Высоко забрался Егор. Но слушали люди. Словечки вставляли. Жура в конце каждой фразы
— Ишь, гвоздит.
— Четыре сотни хозяев!..
— Думай, что ты революции дашь…
Егор оборвал свою речь на полуслове, спустился вниз, но слова его, казалось, продолжали звучать. Стоял народ, кто подперев подбородок ладонью, кто просто, уставясь в землю или оглядывая приисковые постройки. Вон доска на копре оторвалась. Прибить надо. Не по-хозяйски этак-то..
— Нам прииск, нельзя бросать, — вслух из задних рядов сказал кто-то.
Его поддержали:
— Знамо, нельзя оставлять. Подохнем без прииска.
. — Правду святую Егорша сказал.
— Да зачем же бросать-то? Эх-ма. — На бревна вскочил расторопный парень, черный, кудрявый. — В магазине и муки, и крупы… Мы же хозяева..
— Эка понял Егоршу, — оборвал его Жура, — слазь, да мозгами раскинь, прежде чем рот раскрывать.
Парень обиделся.
— Наш теперь магазин! Для кого же добро-то беречь? Мужики, пошто вы молчите?
Тишина над поляной. Ветер сбивает с ветвей снеговые навивы, и белые пасмы снежинок крутятся в воздухе. Тяжело мужикам мозгами крутить с непривычки. Кто потылицу чешет, кто бороду.
«Складно Егорша сказал, будь он неладный. Холоп… тому ничего не жаль, — думал дядя Жура. — Што дерево срубить, што магазин разорить. Все господское. И господину не жаль. Сорвал рупь — хорошо, не сорвал второй… хм… ломай насос. Господин — не хозяин, а только всего господин. Рабочий человек — тот настоящий хозяин. Рачительный, любящий каждое дерево».
Думали все. Думали трудно. Не о себе, не о семье, а о целом прииске. Вчера еще каждый проклинал его, а сегодня надо сбросить холопью шкуру и хозяином себя ощутить.
— Чтоб на харчи заробить, надо перемыть отвалы от летней промывки, — шепчет Аграфена соседке. — Оно, ежели разбираться, не золото это — злыдни, но если нечего есть и злыдням рад будешь. На хлеб, на картопки там можно намыть.

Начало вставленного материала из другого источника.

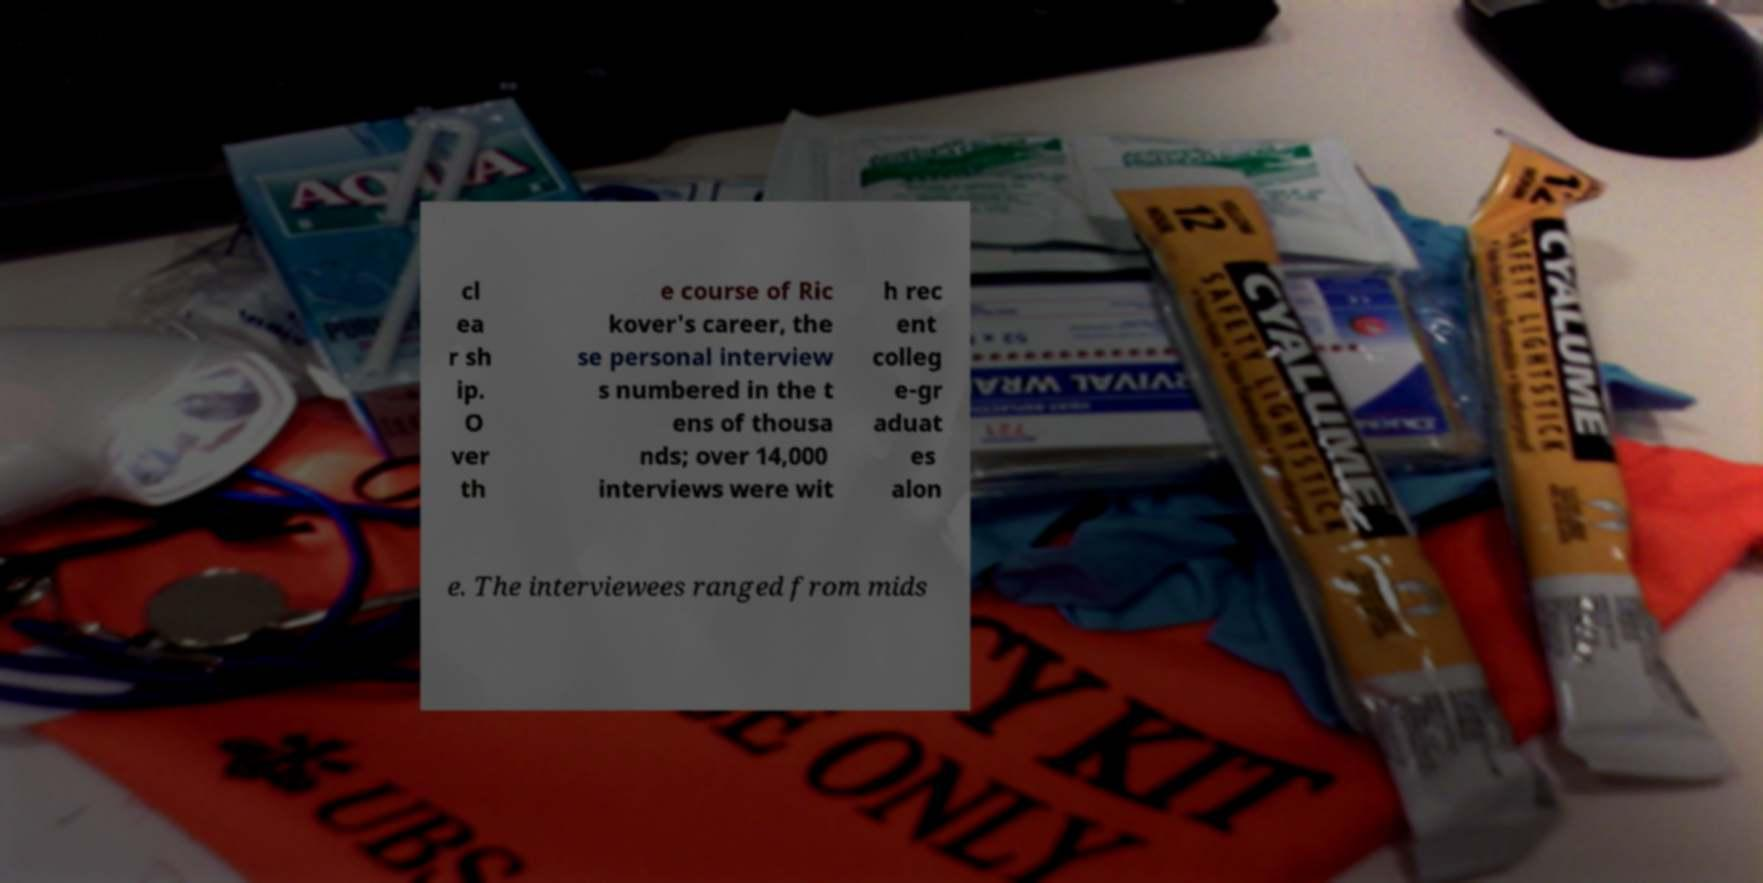Please identify and transcribe the text found in this image. cl ea r sh ip. O ver th e course of Ric kover's career, the se personal interview s numbered in the t ens of thousa nds; over 14,000 interviews were wit h rec ent colleg e-gr aduat es alon e. The interviewees ranged from mids

— Отвалы надо перемывать, — уже громко кричит соседка.
Сход решает: надо перемыть, и немедля. А берешь в магазине — плати. Надо, чтоб магазинское множилось.
Но это пол дела. Только чтоб с голоду не опухнуть.
Четыреста хозяев думают, а бывший управляющий едет в кошевке и посмеивается: «Насос-то шведский. Золотник к нему не добыть, пся крев».
— Товарищи, а если нам помпы из пихт сделать? — крикнул Вавила. — Если штук шесть? Откачаем шахту?
— Однако того… откачаем…
Кинулись к кочегарке, где у стены лежали старые помпы. Да они растрескались и годны всего на дрова.
— Надо новые ладить!
Закончился первый свободный день. Звезды горели, парок клубами вырывался из ртов, когда Вавила с Егором и Лушкой подходили к дому.
— Пропал сегодняшний день, — пожалел Егор.
Вавила ничего не ответил. Он очень устал.